Note that the COBOL standard does not care which "hardware" mode is most suitable for a given implementation. From that standpoint, I believe it would be in the best interests of the COBOL end user, if an implementation is going to provide ONE of the two IEEE decimal forms of arithmetic, that they provide ALL, regardless of which one they prefer. , so that programs imported from a machine that has one form WILL STILL RUN, WITHOUT CONVERSION, on machines that have the other.
No, it's not as efficient to specify a mode of arithmetic (or, if you will, a standard form of numeric conversion for operands) that's different from what the platform is happiest with, because the implementation will have to convert back and forth behind the program's back to get the information into the form the platform recognizes, but YES, the programs that run currently on a machine with one view of IEEE arithmetic WILL STILL RUN on machines with another.

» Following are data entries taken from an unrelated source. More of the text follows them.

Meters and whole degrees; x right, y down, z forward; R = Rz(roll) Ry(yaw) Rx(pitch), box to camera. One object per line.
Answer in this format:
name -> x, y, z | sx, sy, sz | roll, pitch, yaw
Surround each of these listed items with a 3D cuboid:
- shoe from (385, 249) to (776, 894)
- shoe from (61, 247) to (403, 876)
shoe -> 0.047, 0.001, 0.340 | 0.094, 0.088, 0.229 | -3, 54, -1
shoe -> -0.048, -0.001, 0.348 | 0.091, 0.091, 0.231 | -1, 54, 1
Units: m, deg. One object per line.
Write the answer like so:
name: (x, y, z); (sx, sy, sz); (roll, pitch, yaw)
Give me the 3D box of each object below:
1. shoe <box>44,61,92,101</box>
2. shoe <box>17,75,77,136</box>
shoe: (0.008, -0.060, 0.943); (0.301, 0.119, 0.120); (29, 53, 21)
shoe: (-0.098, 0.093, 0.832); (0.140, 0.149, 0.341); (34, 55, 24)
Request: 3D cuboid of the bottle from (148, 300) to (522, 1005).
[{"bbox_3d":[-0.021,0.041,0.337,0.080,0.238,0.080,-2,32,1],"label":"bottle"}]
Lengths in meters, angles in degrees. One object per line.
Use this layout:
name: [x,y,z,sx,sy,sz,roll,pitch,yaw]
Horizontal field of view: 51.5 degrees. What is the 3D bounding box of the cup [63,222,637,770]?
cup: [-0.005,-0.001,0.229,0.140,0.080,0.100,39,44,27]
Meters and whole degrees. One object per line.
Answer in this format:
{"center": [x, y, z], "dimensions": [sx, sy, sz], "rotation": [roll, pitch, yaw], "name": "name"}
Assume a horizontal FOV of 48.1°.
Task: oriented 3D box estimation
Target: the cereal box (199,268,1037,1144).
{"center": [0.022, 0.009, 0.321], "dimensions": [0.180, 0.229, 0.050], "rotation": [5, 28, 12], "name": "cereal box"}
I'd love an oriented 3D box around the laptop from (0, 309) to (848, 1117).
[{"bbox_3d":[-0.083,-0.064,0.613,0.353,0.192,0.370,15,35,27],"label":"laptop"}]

What I'm planning to do is write a proposal to the COBOL working group to ADD explicit support for decimal64 BID and decimal128 BID data descriptions, and to ADD the capability of specifying that the "uniform form" into which arithmetic operands are to be converted may be decimal128 BID (in addition to the decimal128 DPD and binary128 modes now in the FCD). I believe doing this is in the best interest of the end user of the COBOL language, I believe it satisfies the concerns of those who are not happy with the specification that decimal128 BID is not among the "uniform forms" that the FCD proposes to support. Allowing in addition the explicit description of "data spaces" as containing information in decimal64 BID and decimal128 BID form resolves the concerns I raise originally about what happens if somebody ships you a decimal128 item, and it's in BID encoding, since COBOL only supports DPD?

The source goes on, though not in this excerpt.